- [EXERCISE DIRECTIONS]:
Please transcribe exactly, and only, the lines of the data below between the line holding "text Er kan" and the line holding "text Via onderstaande", inclusive.
--- DATA FOR THIS TASK ---
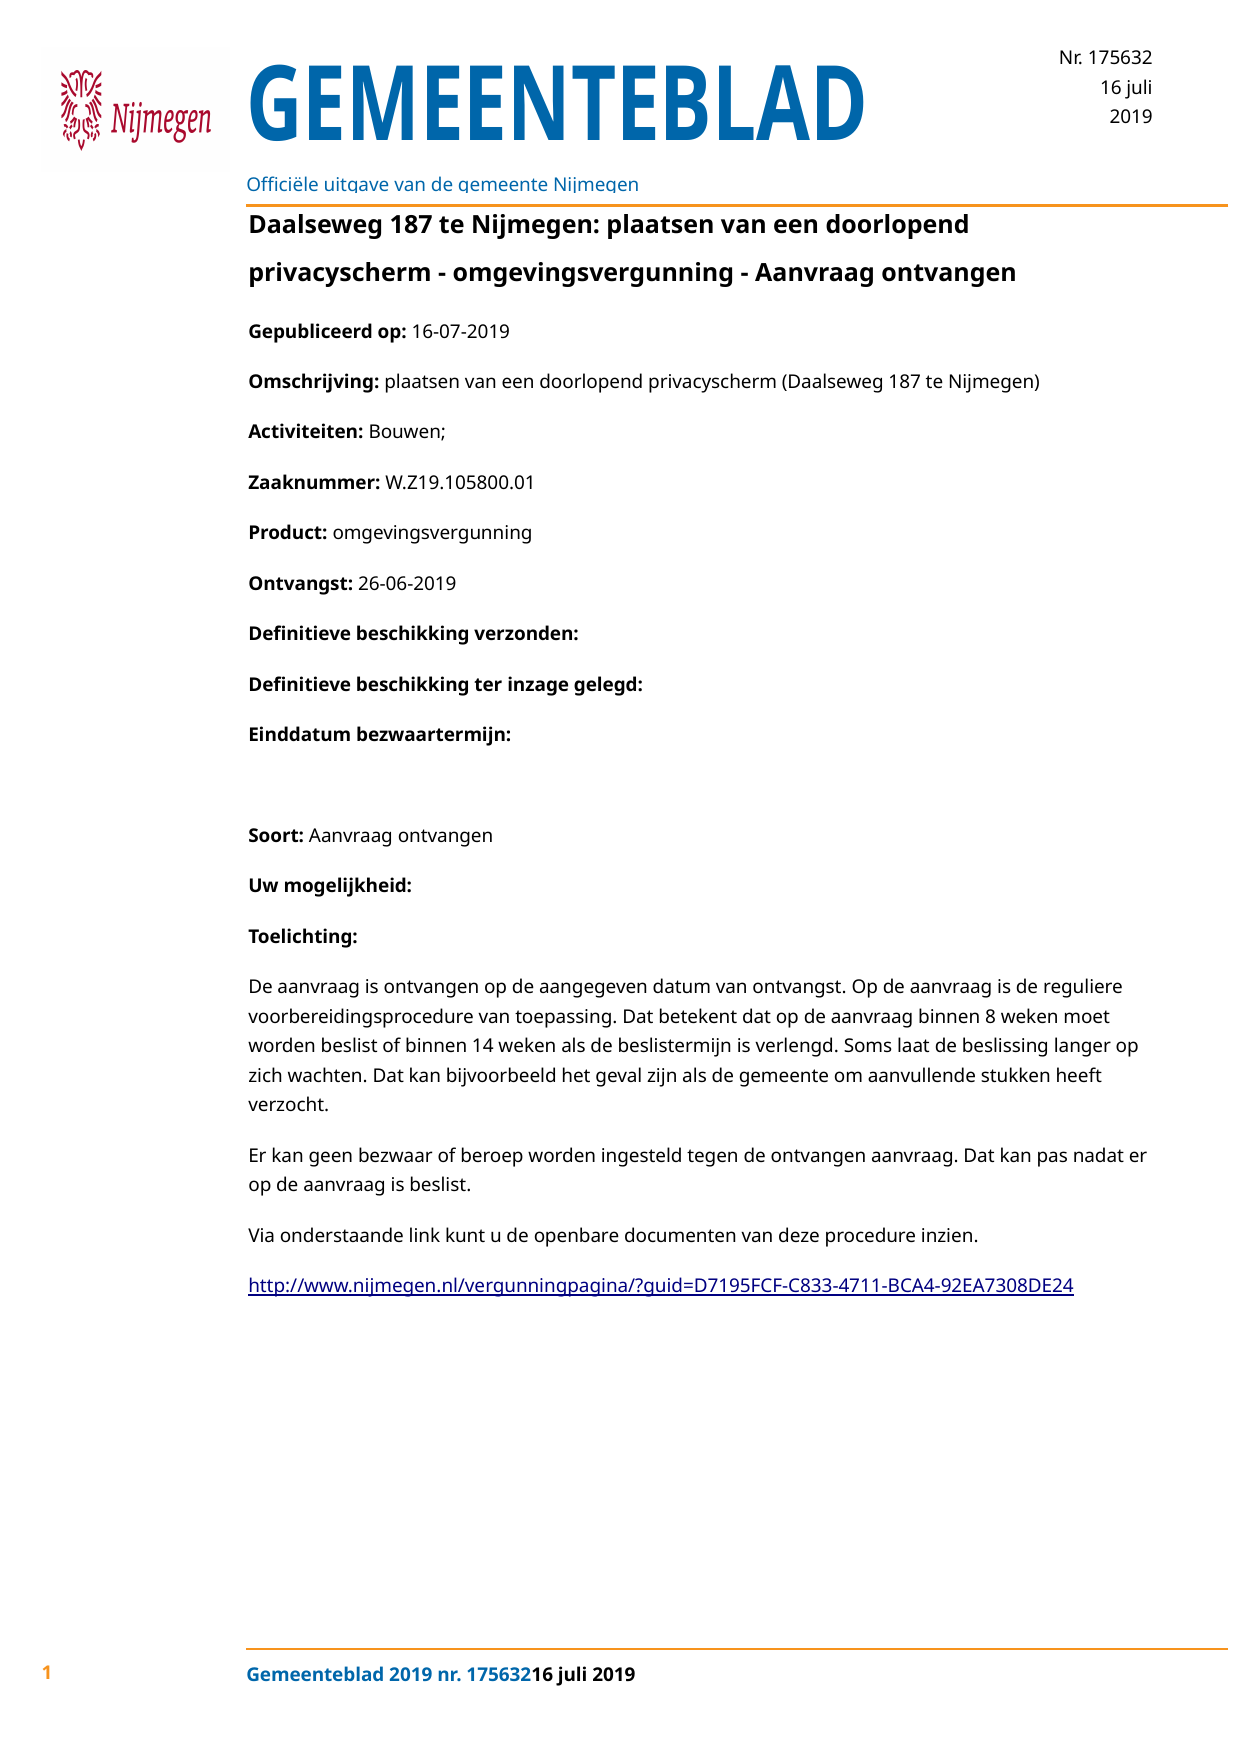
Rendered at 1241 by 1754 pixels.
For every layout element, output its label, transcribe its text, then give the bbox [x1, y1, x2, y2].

text Definitieve beschikking verzonden: [248, 620, 1152, 646]
text http://www.nijmegen.nl/vergunningpagina/?guid=D7195FCF-C833-4711-BCA4-92EA7308DE24 [248, 1272, 1152, 1298]
text Uw mogelijkheid: [248, 872, 1152, 898]
text Daalseweg 187 te Nijmegen: plaatsen van een doorlopend privacyscherm - omgevingsvergunning - Aanvraag ontvangen [248, 207, 1152, 288]
text Gepubliceerd op: 16-07-2019 [248, 318, 1152, 344]
text Definitieve beschikking ter inzage gelegd: [248, 671, 1152, 697]
text Activiteiten: Bouwen; [248, 419, 1152, 444]
text Er kan geen bezwaar of beroep worden ingesteld tegen de ontvangen aanvraag. Dat kan pas nadat er op de aanvraag is beslist. [248, 1142, 1152, 1197]
text Toelichting: [248, 923, 1152, 949]
text Einddatum bezwaartermijn: [248, 721, 1152, 747]
text Ontvangst: 26-06-2019 [248, 570, 1152, 596]
text Zaaknummer: W.Z19.105800.01 [248, 469, 1152, 495]
picture [41, 47, 231, 172]
text Via onderstaande link kunt u de openbare documenten van deze procedure inzien. [248, 1222, 1152, 1248]
text De aanvraag is ontvangen op de aangegeven datum van ontvangst. Op de aanvraag is de reguliere voorbereidingsprocedure van toepassing. Dat betekent dat op de aanvraag binnen 8 weken moet worden beslist of binnen 14 weken als de beslistermijn is verlengd. Soms laat de beslissing langer op zich wachten. Dat kan bijvoorbeeld het geval zijn als de gemeente om aanvullende stukken heeft verzocht. [248, 973, 1152, 1117]
text Soort: Aanvraag ontvangen [248, 822, 1152, 848]
text Omschrijving: plaatsen van een doorlopend privacyscherm (Daalseweg 187 te Nijmegen) [248, 368, 1152, 394]
text Product: omgevingsvergunning [248, 519, 1152, 545]
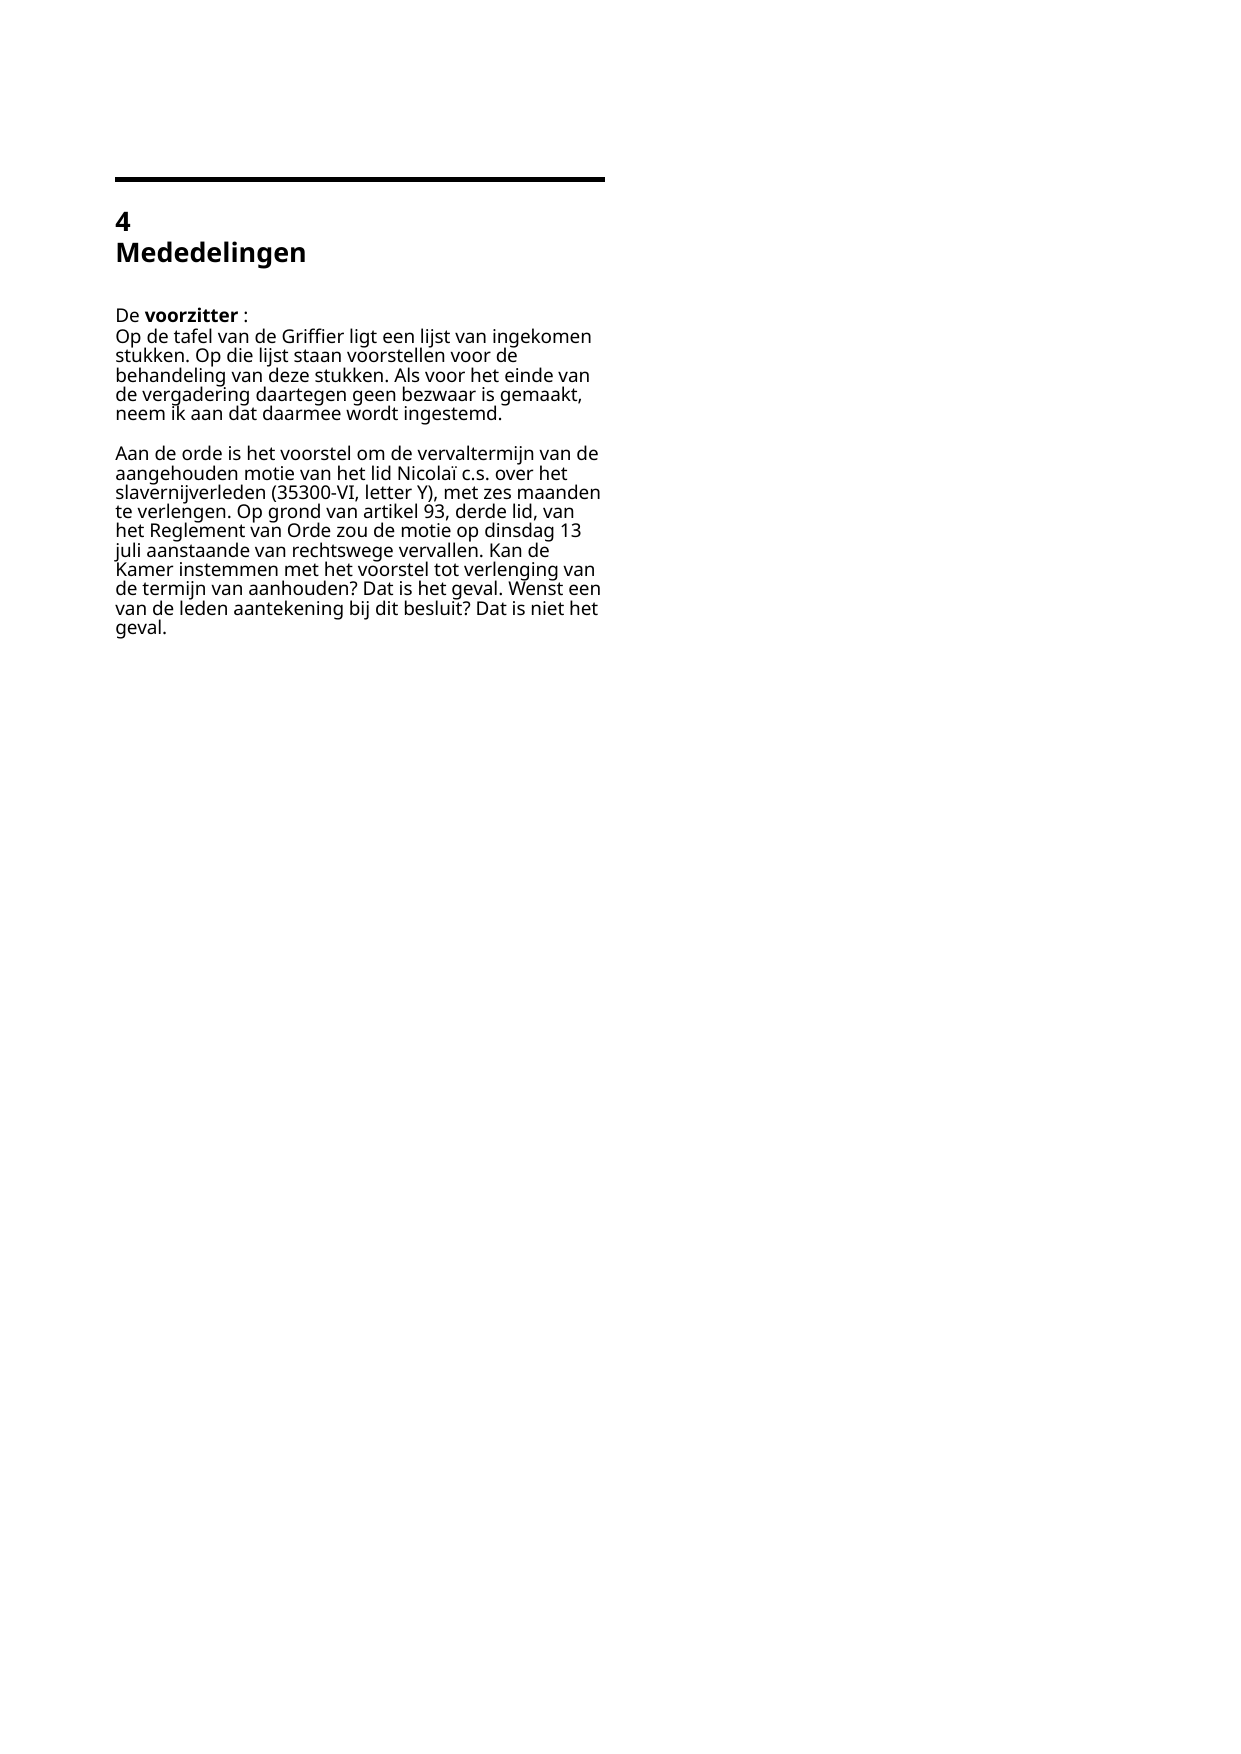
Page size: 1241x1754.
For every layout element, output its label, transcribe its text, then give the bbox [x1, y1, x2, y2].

text Aan de orde is het voorstel om de vervaltermijn van de aangehouden motie van het lid Nicolaï c.s. over het slavernijverleden (35300-VI, letter Y), met zes maanden te verlengen. Op grond van artikel 93, derde lid, van het Reglement van Orde zou de motie op dinsdag 13 juli aanstaande van rechtswege vervallen. Kan de Kamer instemmen met het voorstel tot verlenging van de termijn van aanhouden? Dat is het geval. Wenst een van de leden aantekening bij dit besluit? Dat is niet het geval. [115, 445, 605, 638]
text De voorzitter : [115, 302, 605, 328]
text 4 [115, 203, 605, 239]
text Op de tafel van de Griffier ligt een lijst van ingekomen stukken. Op die lijst staan voorstellen voor de behandeling van deze stukken. Als voor het einde van de vergadering daartegen geen bezwaar is gemaakt, neem ik aan dat daarmee wordt ingestemd. [115, 328, 605, 424]
text Mededelingen [115, 239, 605, 283]
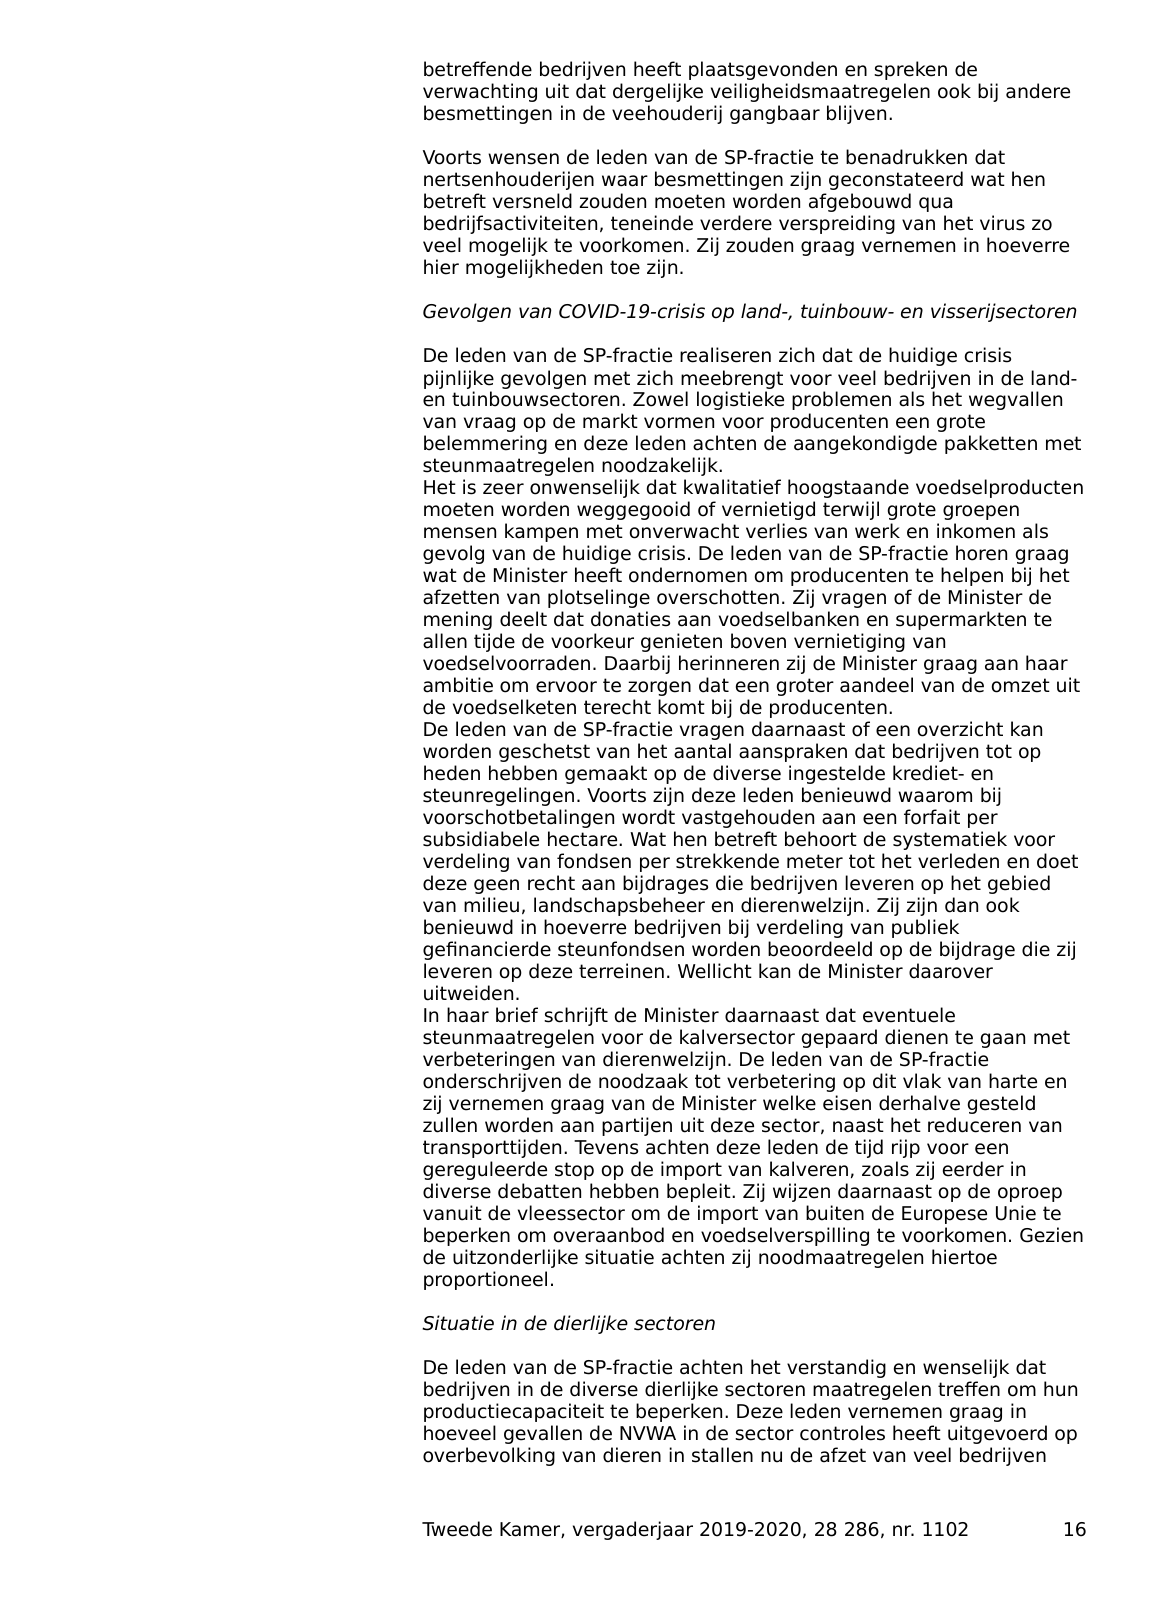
---
- [TASK RESPONSE]:
text Er kan geen bezwaar of beroep worden ingesteld tegen de ontvangen aanvraag. Dat kan pas nadat er op de aanvraag is beslist. [248, 1142, 1152, 1197]
text Toelichting: [248, 923, 1152, 949]
text Einddatum bezwaartermijn: [248, 721, 1152, 747]
text Ontvangst: 26-06-2019 [248, 570, 1152, 596]
text Zaaknummer: W.Z19.105800.01 [248, 469, 1152, 495]
picture [41, 47, 231, 172]
text Via onderstaande link kunt u de openbare documenten van deze procedure inzien. [248, 1222, 1152, 1248]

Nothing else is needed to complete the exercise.